Instructions for the task: Please copy the data exactly as it stands, minus the images.

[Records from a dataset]
================

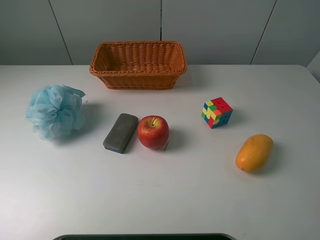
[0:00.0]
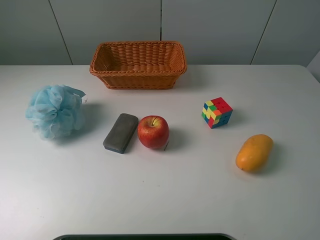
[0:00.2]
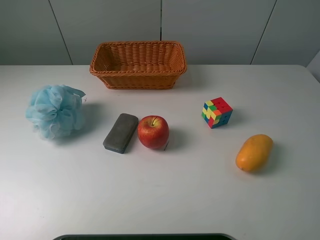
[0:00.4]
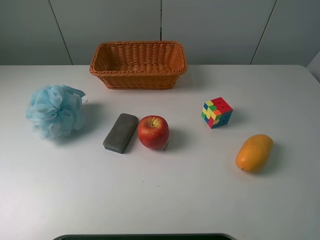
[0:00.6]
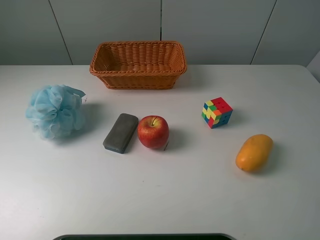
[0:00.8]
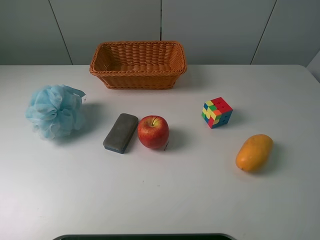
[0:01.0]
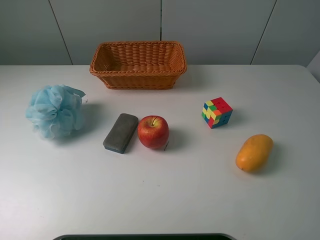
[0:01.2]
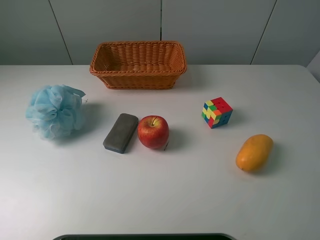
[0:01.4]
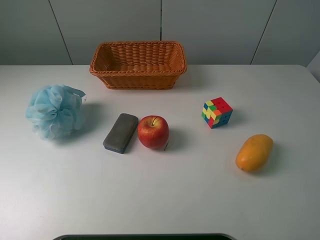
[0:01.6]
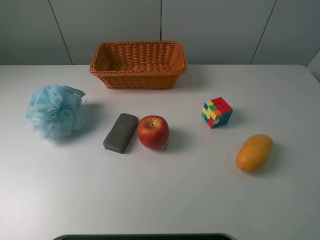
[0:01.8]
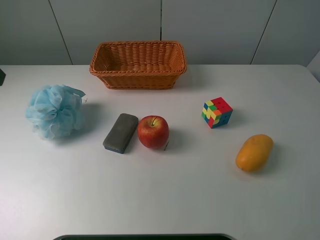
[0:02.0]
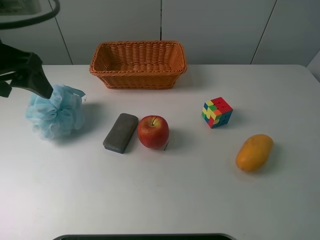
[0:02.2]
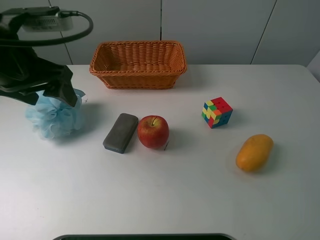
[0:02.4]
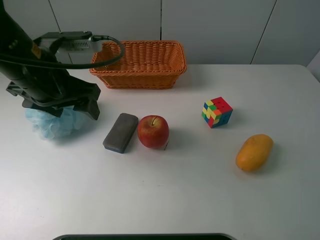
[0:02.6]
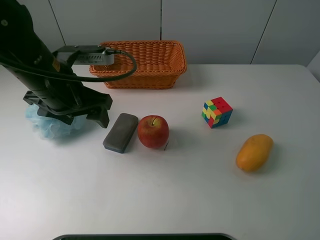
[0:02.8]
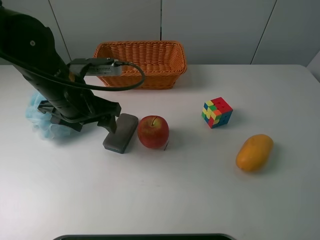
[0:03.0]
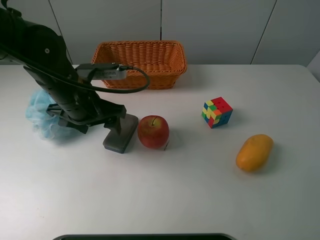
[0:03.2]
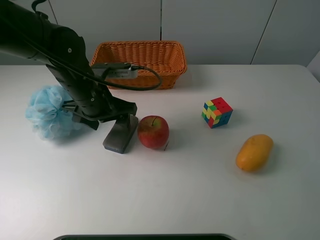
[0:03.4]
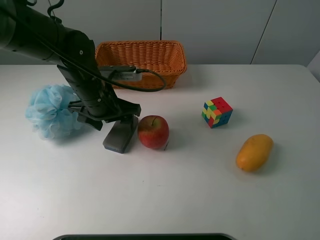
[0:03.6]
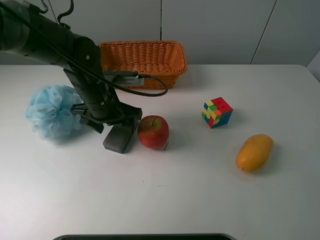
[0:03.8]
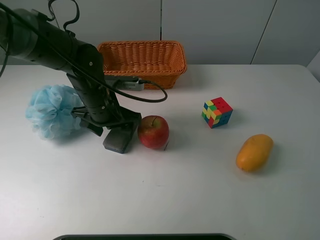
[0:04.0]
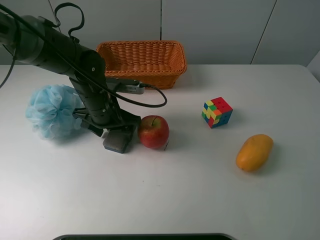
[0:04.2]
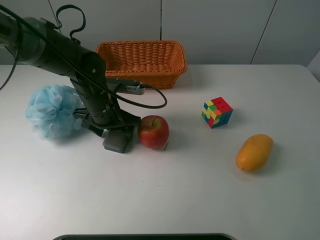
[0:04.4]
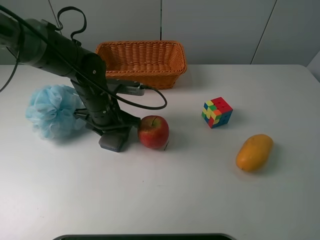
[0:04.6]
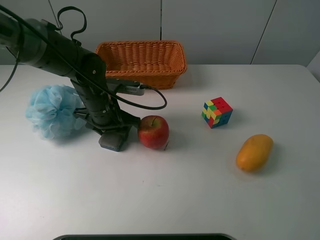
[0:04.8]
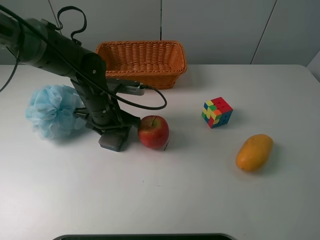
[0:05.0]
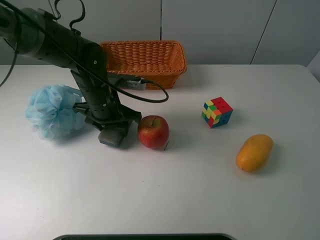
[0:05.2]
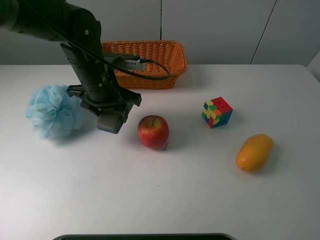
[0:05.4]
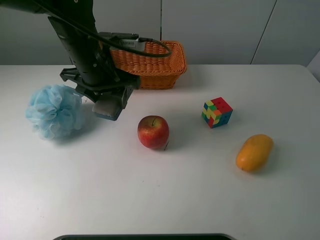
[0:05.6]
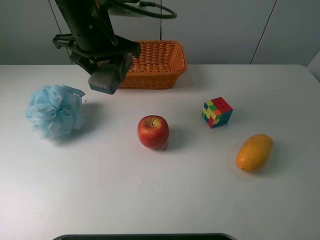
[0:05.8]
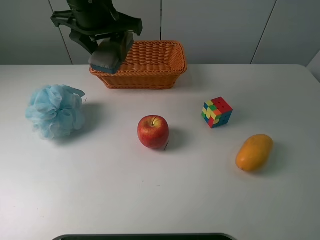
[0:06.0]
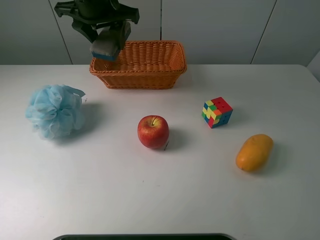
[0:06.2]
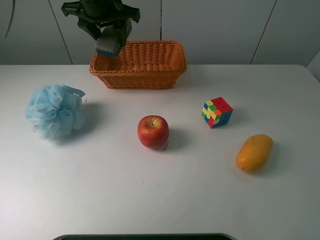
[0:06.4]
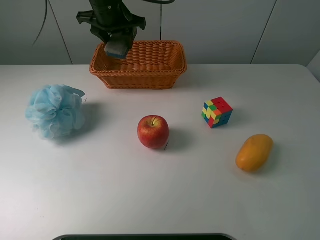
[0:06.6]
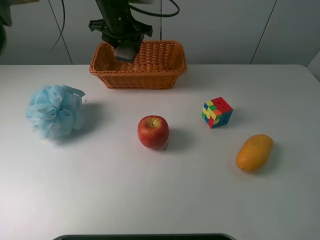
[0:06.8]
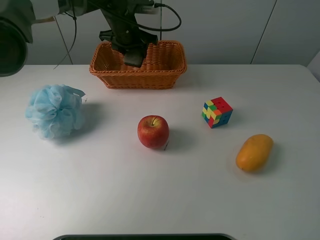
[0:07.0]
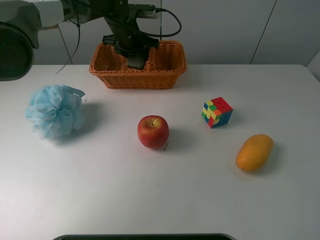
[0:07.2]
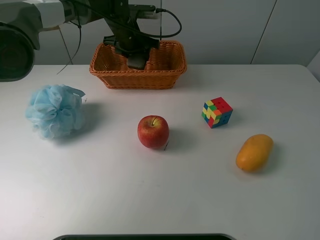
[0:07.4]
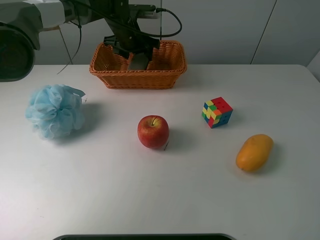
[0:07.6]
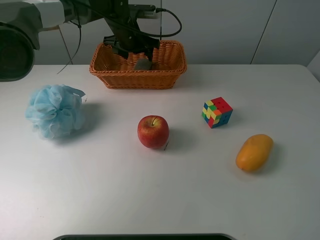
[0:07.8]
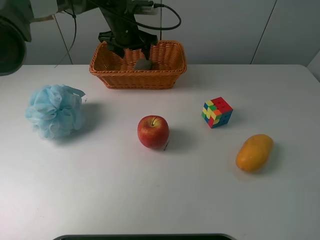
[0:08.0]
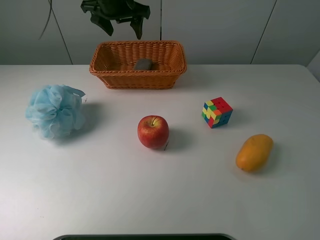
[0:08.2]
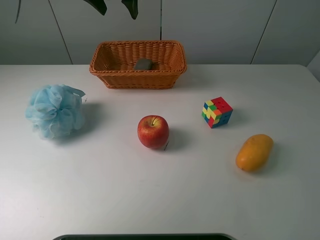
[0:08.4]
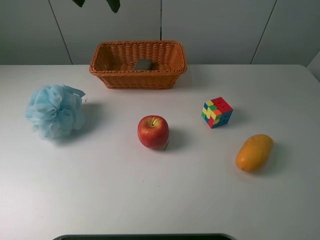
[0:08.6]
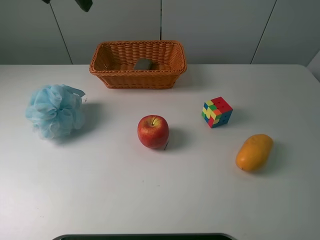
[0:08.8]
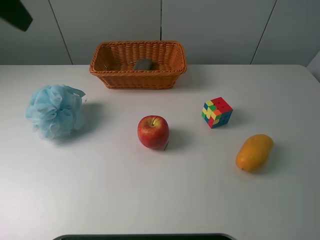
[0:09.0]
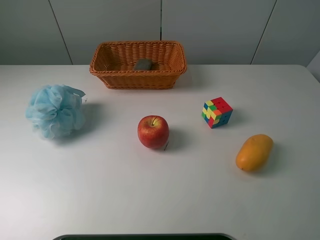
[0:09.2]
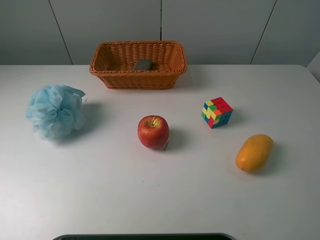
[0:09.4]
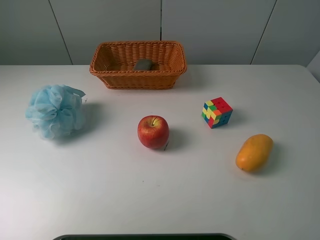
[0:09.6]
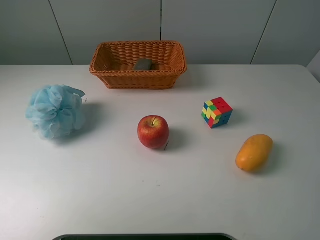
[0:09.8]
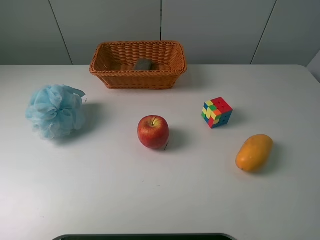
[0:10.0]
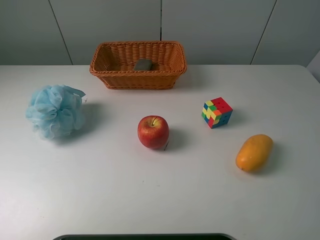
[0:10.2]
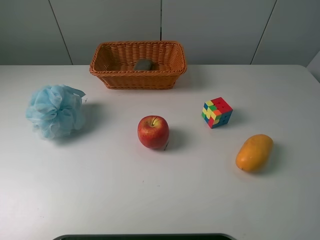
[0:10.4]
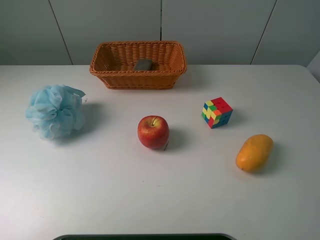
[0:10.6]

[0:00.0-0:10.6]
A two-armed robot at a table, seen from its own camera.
Task of the whole recording: use a picker to grab the item closest to the apple and place it in the basket.
Step, 0:00.0 to 0:05.0: Grasp the chalkboard eraser with the left gripper.
Step, 0:05.2 to 0:07.6: Place the chalkboard eraser into the basket with the left gripper.
0:01.6 to 0:03.0: The left gripper heads downward, to the right and forward, covering some 30 cm.
0:03.0 to 0:04.6: The left gripper travels downward by roughly 5 cm, and closes up.
0:04.6 to 0:06.0: The left gripper heads upward, covering some 20 cm.
0:06.0 to 0:07.6: The left gripper travels forward and downward by roughly 20 cm, and opens its fingers.
0:07.6 to 0:09.0: The left gripper shifts some 40 cm backward, upward and to the left.
0:09.0 to 0:10.6: The left gripper goes approximately 25 cm backward, downward and to the left.

================

Reply to the exercise:
[0:00.0]
[0:00.2]
[0:00.4]
[0:00.6]
[0:00.8]
[0:01.0]
[0:01.2]
[0:01.4]
[0:01.6]
[0:01.8]
[0:02.0]
[0:02.2]
[0:02.4]
[0:02.6]
[0:02.8]
[0:03.0]
[0:03.2]
[0:03.4]
[0:03.6]
[0:03.8]
[0:04.0]
[0:04.2]
[0:04.4]
[0:04.6]
[0:04.8]
[0:05.0]
[0:05.2]
[0:05.4]
[0:05.6]
[0:05.8]
[0:06.0]
[0:06.2]
[0:06.4]
[0:06.6]
[0:06.8]
[0:07.0]
[0:07.2]
[0:07.4]
[0:07.6]
[0:07.8]
[0:08.0]
[0:08.2]
[0:08.4]
[0:08.6]
[0:08.8]
[0:09.0]
[0:09.2]
[0:09.4]
[0:09.6]
[0:09.8]
[0:10.0]
[0:10.2]
[0:10.4]
[0:10.6]

[0:00.0-0:10.6]
A two-armed robot at a table, seen from its own camera.
Task of the whole recording: use a picker to grab the item closest to the apple and place it in the basket.
Step, 0:00.0 to 0:05.0: Grasp the chalkboard eraser with the left gripper.
Step, 0:05.2 to 0:07.6: Place the chalkboard eraser into the basket with the left gripper.
0:01.6 to 0:03.0: The left gripper heads downward, to the right and forward, covering some 30 cm.
0:03.0 to 0:04.6: The left gripper travels downward by roughly 5 cm, and closes up.
0:04.6 to 0:06.0: The left gripper heads upward, covering some 20 cm.
0:06.0 to 0:07.6: The left gripper travels forward and downward by roughly 20 cm, and opens its fingers.
0:07.6 to 0:09.0: The left gripper shifts some 40 cm backward, upward and to the left.
0:09.0 to 0:10.6: The left gripper goes approximately 25 cm backward, downward and to the left.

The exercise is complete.